┌──

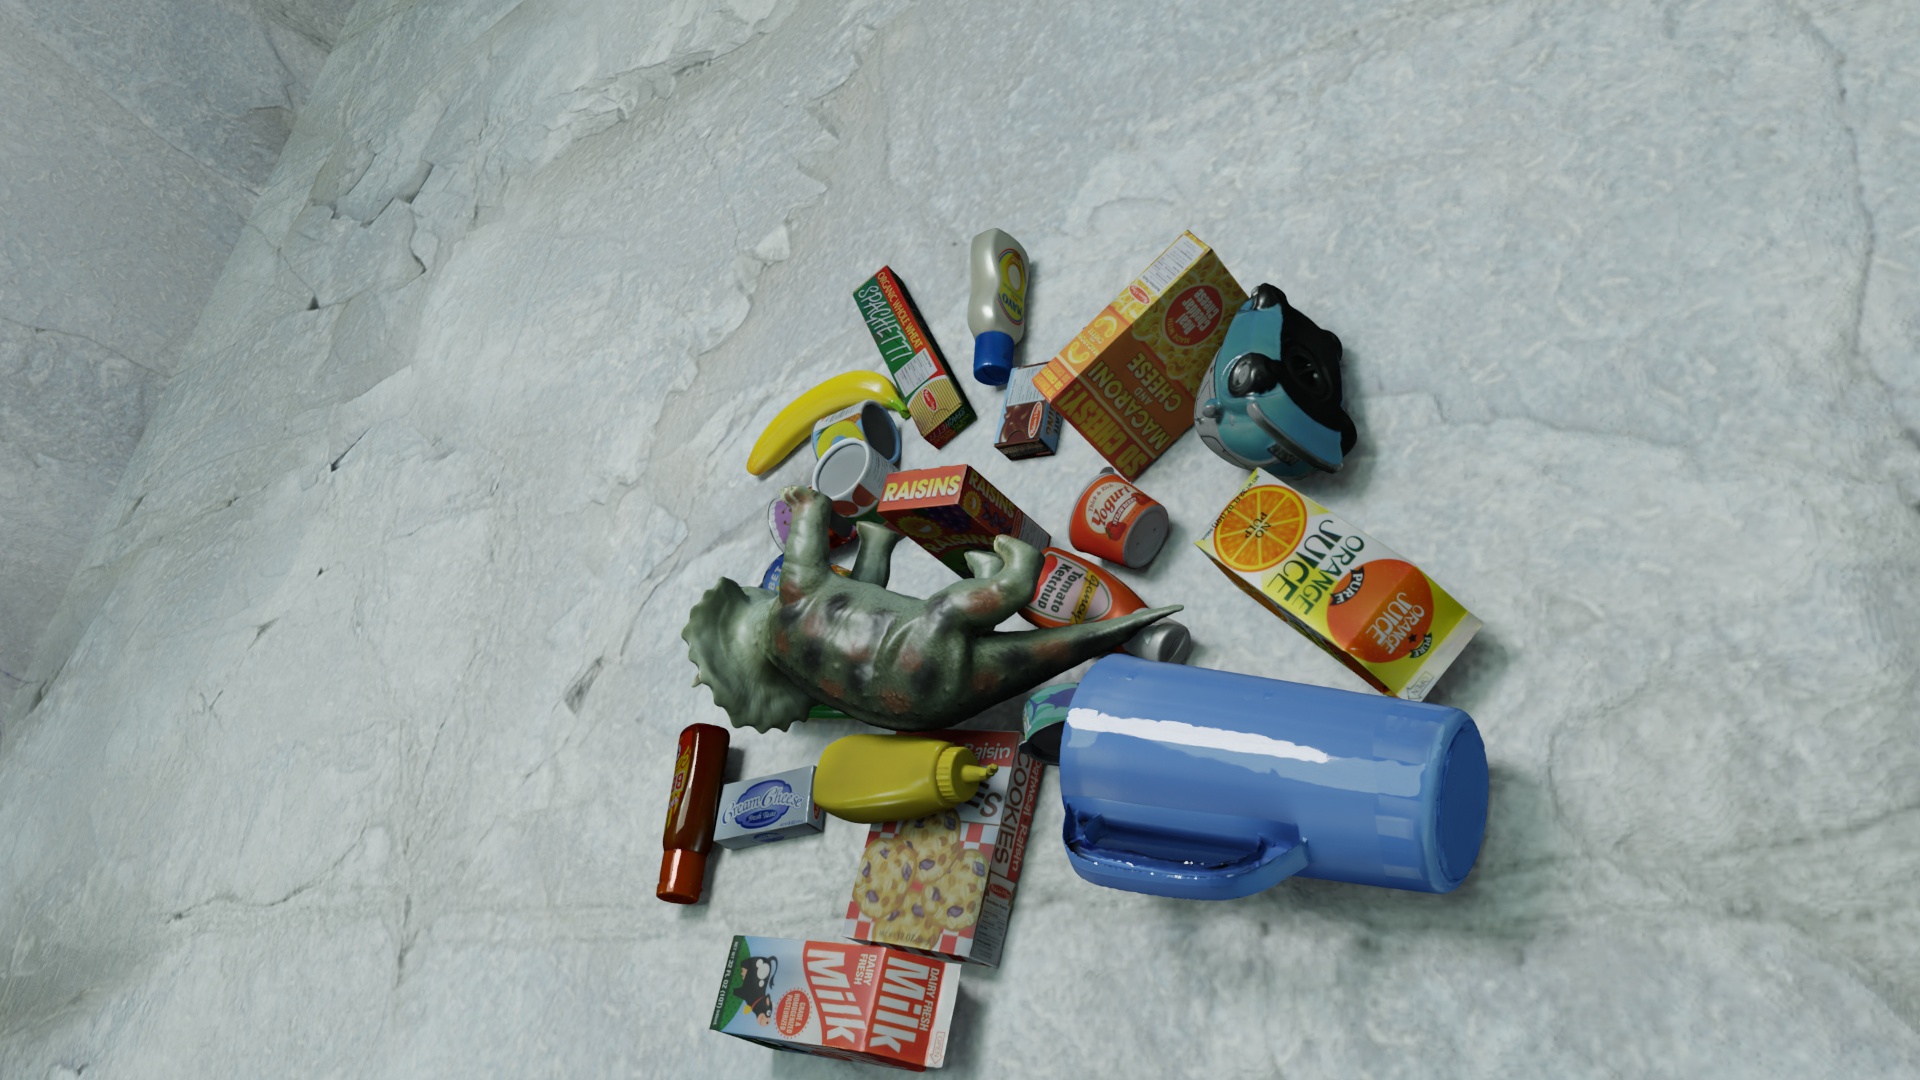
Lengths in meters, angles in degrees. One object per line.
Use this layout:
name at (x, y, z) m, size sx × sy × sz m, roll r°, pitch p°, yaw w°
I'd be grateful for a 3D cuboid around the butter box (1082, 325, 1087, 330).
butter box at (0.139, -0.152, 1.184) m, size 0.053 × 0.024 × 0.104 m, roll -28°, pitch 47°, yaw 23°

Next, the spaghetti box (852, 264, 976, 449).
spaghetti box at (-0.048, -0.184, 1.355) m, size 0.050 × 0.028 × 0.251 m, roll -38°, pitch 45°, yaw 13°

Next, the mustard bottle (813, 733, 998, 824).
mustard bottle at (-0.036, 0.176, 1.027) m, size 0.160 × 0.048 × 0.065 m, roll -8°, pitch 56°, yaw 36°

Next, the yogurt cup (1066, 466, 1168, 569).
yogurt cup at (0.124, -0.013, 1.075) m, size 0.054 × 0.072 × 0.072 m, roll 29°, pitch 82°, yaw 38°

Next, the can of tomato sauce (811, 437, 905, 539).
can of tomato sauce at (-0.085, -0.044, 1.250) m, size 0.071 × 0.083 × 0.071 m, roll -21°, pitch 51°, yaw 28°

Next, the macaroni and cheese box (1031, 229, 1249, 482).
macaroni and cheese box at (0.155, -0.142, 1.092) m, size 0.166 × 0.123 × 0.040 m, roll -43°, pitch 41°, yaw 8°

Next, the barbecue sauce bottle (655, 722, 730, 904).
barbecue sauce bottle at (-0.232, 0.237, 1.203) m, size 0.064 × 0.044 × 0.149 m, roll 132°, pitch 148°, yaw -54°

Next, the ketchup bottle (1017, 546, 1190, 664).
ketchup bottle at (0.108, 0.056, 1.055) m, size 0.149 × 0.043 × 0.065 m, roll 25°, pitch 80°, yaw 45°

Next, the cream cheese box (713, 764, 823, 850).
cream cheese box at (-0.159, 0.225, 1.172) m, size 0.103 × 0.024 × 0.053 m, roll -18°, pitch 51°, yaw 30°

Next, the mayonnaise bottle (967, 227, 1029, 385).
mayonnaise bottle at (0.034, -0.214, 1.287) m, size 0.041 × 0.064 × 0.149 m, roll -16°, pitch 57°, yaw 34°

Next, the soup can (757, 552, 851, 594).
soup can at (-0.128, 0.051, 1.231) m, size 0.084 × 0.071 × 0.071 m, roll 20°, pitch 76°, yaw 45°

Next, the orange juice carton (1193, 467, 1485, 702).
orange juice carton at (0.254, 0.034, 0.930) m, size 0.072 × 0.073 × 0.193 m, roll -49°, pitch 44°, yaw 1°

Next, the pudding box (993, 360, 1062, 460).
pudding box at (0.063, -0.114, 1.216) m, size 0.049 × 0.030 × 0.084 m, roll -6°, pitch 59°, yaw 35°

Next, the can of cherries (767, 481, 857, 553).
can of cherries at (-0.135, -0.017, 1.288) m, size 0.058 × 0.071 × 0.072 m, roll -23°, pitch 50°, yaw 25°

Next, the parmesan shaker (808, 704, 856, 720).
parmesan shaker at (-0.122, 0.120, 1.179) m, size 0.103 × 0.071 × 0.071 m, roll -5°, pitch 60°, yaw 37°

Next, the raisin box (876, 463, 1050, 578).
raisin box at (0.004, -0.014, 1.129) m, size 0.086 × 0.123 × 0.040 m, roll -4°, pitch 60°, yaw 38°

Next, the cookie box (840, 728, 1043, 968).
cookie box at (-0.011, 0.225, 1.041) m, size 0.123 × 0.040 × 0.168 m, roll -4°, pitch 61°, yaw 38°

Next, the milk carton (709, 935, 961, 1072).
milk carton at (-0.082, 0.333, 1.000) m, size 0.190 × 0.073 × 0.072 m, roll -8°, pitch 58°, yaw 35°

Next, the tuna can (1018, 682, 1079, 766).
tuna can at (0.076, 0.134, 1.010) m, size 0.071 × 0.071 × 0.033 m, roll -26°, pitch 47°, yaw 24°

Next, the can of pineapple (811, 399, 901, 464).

└──

● **PROBLEM STATEMENT**: Images should not appear in the copy; retype the listing above exactly.

● **RESPONSE**:
Lengths in meters, angles in degrees. One object per line.
Use this layout:
name at (x, y, z) m, size sx × sy × sz m, roll r°, pitch p°, yaw w°
I'd be grateful for a 3D cuboid around the butter box (1082, 325, 1087, 330).
butter box at (0.139, -0.152, 1.184) m, size 0.053 × 0.024 × 0.104 m, roll -28°, pitch 47°, yaw 23°

Next, the spaghetti box (852, 264, 976, 449).
spaghetti box at (-0.048, -0.184, 1.355) m, size 0.050 × 0.028 × 0.251 m, roll -38°, pitch 45°, yaw 13°

Next, the mustard bottle (813, 733, 998, 824).
mustard bottle at (-0.036, 0.176, 1.027) m, size 0.160 × 0.048 × 0.065 m, roll -8°, pitch 56°, yaw 36°

Next, the yogurt cup (1066, 466, 1168, 569).
yogurt cup at (0.124, -0.013, 1.075) m, size 0.054 × 0.072 × 0.072 m, roll 29°, pitch 82°, yaw 38°

Next, the can of tomato sauce (811, 437, 905, 539).
can of tomato sauce at (-0.085, -0.044, 1.250) m, size 0.071 × 0.083 × 0.071 m, roll -21°, pitch 51°, yaw 28°

Next, the macaroni and cheese box (1031, 229, 1249, 482).
macaroni and cheese box at (0.155, -0.142, 1.092) m, size 0.166 × 0.123 × 0.040 m, roll -43°, pitch 41°, yaw 8°

Next, the barbecue sauce bottle (655, 722, 730, 904).
barbecue sauce bottle at (-0.232, 0.237, 1.203) m, size 0.064 × 0.044 × 0.149 m, roll 132°, pitch 148°, yaw -54°

Next, the ketchup bottle (1017, 546, 1190, 664).
ketchup bottle at (0.108, 0.056, 1.055) m, size 0.149 × 0.043 × 0.065 m, roll 25°, pitch 80°, yaw 45°

Next, the cream cheese box (713, 764, 823, 850).
cream cheese box at (-0.159, 0.225, 1.172) m, size 0.103 × 0.024 × 0.053 m, roll -18°, pitch 51°, yaw 30°

Next, the mayonnaise bottle (967, 227, 1029, 385).
mayonnaise bottle at (0.034, -0.214, 1.287) m, size 0.041 × 0.064 × 0.149 m, roll -16°, pitch 57°, yaw 34°

Next, the soup can (757, 552, 851, 594).
soup can at (-0.128, 0.051, 1.231) m, size 0.084 × 0.071 × 0.071 m, roll 20°, pitch 76°, yaw 45°

Next, the orange juice carton (1193, 467, 1485, 702).
orange juice carton at (0.254, 0.034, 0.930) m, size 0.072 × 0.073 × 0.193 m, roll -49°, pitch 44°, yaw 1°

Next, the pudding box (993, 360, 1062, 460).
pudding box at (0.063, -0.114, 1.216) m, size 0.049 × 0.030 × 0.084 m, roll -6°, pitch 59°, yaw 35°

Next, the can of cherries (767, 481, 857, 553).
can of cherries at (-0.135, -0.017, 1.288) m, size 0.058 × 0.071 × 0.072 m, roll -23°, pitch 50°, yaw 25°

Next, the parmesan shaker (808, 704, 856, 720).
parmesan shaker at (-0.122, 0.120, 1.179) m, size 0.103 × 0.071 × 0.071 m, roll -5°, pitch 60°, yaw 37°

Next, the raisin box (876, 463, 1050, 578).
raisin box at (0.004, -0.014, 1.129) m, size 0.086 × 0.123 × 0.040 m, roll -4°, pitch 60°, yaw 38°

Next, the cookie box (840, 728, 1043, 968).
cookie box at (-0.011, 0.225, 1.041) m, size 0.123 × 0.040 × 0.168 m, roll -4°, pitch 61°, yaw 38°

Next, the milk carton (709, 935, 961, 1072).
milk carton at (-0.082, 0.333, 1.000) m, size 0.190 × 0.073 × 0.072 m, roll -8°, pitch 58°, yaw 35°

Next, the tuna can (1018, 682, 1079, 766).
tuna can at (0.076, 0.134, 1.010) m, size 0.071 × 0.071 × 0.033 m, roll -26°, pitch 47°, yaw 24°

Next, the can of pineapple (811, 399, 901, 464).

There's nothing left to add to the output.